What needs to be done -> In the entries that follow, the line with "11) sneaker <box>260,319,357,453</box>" opens the range and the line with "23) can opener <box>222,315,272,362</box>" closes it; repeat that range exactly, both lines included.

* * * * * * * * *

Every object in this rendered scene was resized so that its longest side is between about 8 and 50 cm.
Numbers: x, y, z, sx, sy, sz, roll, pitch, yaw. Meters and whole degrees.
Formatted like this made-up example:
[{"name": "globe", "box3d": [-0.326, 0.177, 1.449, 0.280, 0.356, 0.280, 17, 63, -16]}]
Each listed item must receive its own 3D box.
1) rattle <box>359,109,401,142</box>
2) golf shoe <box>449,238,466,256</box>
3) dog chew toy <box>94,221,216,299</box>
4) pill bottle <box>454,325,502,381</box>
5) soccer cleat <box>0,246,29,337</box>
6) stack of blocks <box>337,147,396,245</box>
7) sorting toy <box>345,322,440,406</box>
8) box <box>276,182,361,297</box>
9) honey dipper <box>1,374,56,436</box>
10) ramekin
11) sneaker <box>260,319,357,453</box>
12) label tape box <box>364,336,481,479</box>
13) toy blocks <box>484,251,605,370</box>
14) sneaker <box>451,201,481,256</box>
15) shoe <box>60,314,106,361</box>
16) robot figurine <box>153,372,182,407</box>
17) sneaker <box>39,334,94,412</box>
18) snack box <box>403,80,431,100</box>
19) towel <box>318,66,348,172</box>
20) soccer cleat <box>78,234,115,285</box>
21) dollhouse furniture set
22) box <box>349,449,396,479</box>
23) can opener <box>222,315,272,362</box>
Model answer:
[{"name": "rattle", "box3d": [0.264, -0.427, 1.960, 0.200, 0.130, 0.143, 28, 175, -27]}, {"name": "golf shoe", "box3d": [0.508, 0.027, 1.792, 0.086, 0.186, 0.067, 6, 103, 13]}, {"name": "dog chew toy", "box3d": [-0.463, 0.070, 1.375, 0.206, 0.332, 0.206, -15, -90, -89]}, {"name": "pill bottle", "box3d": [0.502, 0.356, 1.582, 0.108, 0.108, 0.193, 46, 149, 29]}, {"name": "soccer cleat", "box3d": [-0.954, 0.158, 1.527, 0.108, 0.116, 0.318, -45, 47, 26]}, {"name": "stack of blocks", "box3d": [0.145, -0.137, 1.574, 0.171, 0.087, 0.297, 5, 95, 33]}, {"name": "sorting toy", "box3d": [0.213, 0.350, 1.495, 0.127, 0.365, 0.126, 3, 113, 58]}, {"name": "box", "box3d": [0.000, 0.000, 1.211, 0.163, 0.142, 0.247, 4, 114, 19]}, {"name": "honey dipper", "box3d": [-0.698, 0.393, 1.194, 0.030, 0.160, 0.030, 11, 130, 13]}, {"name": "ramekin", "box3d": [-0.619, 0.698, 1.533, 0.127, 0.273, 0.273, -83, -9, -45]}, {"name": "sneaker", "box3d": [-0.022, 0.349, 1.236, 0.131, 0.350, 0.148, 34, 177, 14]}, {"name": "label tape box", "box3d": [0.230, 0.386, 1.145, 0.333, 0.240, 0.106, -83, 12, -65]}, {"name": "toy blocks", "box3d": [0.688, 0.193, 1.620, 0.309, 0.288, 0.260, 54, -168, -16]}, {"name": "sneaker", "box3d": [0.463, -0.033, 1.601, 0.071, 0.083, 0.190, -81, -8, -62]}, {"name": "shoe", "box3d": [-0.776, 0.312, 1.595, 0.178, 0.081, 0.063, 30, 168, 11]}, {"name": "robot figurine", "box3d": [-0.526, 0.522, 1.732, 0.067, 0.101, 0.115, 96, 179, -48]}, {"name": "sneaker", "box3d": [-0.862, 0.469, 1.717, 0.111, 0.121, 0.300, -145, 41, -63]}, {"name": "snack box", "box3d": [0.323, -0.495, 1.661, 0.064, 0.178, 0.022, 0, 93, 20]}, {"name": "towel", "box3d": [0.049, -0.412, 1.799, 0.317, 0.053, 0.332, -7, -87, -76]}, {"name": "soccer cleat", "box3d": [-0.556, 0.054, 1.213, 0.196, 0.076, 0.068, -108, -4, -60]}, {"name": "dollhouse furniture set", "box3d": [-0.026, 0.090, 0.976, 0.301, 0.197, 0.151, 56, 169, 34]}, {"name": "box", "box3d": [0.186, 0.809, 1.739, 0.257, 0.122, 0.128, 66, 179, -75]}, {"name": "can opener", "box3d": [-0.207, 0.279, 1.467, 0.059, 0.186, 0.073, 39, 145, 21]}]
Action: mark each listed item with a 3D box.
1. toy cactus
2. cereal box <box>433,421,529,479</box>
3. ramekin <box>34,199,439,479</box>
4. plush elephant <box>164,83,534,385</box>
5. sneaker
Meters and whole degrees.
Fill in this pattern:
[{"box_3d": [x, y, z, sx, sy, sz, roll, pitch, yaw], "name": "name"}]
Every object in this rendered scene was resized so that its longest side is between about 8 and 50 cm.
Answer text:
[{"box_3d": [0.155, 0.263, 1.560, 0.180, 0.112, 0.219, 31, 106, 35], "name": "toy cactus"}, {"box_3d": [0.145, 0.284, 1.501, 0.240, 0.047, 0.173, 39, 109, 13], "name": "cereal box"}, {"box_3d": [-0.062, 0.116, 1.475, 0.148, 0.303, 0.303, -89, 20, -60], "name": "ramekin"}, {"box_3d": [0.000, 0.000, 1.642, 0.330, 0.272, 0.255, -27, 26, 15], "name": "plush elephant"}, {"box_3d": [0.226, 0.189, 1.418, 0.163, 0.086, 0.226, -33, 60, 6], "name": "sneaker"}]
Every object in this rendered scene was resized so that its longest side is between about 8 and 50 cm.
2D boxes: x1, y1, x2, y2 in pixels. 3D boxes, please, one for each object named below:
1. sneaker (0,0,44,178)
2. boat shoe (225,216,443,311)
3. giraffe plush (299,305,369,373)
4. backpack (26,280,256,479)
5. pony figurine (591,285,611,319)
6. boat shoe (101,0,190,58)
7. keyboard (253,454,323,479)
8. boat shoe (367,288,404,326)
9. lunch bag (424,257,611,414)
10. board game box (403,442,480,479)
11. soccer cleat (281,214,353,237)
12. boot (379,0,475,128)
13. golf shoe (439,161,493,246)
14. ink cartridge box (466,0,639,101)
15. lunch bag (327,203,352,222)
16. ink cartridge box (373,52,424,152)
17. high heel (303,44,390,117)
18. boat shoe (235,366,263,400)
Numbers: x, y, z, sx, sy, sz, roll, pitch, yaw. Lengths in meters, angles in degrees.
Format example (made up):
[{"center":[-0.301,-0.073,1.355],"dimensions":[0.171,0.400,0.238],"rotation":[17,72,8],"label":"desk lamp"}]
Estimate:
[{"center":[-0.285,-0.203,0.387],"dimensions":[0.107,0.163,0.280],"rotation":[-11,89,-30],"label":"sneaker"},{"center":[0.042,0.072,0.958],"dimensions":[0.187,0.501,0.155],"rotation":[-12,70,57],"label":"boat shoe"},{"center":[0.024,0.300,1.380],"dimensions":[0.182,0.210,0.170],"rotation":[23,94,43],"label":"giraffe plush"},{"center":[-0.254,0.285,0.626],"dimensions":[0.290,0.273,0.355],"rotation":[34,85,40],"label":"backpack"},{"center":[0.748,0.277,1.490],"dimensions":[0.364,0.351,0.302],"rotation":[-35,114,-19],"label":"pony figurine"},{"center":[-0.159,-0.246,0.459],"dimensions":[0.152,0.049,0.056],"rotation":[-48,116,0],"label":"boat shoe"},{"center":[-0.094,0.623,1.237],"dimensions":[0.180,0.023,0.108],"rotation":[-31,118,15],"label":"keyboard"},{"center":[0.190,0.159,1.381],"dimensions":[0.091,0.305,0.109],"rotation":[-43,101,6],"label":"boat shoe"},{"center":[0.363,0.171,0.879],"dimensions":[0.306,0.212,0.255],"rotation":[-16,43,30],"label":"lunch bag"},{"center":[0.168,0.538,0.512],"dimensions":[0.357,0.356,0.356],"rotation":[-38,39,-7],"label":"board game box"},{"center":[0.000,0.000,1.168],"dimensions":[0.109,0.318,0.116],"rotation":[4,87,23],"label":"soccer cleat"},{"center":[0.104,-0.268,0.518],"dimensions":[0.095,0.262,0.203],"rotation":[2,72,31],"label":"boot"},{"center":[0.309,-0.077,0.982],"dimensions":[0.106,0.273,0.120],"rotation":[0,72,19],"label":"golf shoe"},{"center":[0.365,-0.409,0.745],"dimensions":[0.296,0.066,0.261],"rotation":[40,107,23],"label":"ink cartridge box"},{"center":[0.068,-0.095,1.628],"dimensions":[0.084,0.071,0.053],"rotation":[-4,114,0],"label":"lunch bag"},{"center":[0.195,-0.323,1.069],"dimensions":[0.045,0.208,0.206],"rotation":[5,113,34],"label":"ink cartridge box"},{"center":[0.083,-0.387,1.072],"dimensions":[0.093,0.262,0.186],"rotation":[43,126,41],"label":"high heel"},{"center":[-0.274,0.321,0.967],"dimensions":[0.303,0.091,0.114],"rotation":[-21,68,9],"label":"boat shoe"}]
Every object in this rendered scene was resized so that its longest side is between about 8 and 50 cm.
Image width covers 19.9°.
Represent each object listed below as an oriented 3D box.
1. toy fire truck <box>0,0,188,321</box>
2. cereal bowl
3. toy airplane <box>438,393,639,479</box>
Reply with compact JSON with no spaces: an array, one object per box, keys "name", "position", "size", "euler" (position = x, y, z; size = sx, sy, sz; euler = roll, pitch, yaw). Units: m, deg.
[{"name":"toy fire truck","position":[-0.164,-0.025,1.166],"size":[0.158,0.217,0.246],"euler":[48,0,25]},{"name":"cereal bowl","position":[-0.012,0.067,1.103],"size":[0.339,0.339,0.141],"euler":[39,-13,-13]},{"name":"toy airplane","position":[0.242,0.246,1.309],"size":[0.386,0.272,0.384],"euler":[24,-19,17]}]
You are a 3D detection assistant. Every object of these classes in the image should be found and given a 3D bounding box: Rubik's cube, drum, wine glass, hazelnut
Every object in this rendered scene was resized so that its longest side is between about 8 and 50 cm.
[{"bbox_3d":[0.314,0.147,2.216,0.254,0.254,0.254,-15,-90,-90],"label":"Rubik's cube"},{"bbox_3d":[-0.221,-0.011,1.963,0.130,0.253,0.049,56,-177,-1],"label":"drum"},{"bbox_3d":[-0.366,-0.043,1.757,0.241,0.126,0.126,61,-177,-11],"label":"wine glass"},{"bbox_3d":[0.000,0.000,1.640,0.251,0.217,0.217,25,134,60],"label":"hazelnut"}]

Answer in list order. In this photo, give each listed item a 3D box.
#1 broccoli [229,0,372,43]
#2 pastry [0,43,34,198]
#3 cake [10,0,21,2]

* * * * * * * * *

Response area ->
11) sneaker <box>260,319,357,453</box>
12) label tape box <box>364,336,481,479</box>
13) toy blocks <box>484,251,605,370</box>
14) sneaker <box>451,201,481,256</box>
15) shoe <box>60,314,106,361</box>
16) robot figurine <box>153,372,182,407</box>
17) sneaker <box>39,334,94,412</box>
18) snack box <box>403,80,431,100</box>
19) towel <box>318,66,348,172</box>
20) soccer cleat <box>78,234,115,285</box>
21) dollhouse furniture set
22) box <box>349,449,396,479</box>
23) can opener <box>222,315,272,362</box>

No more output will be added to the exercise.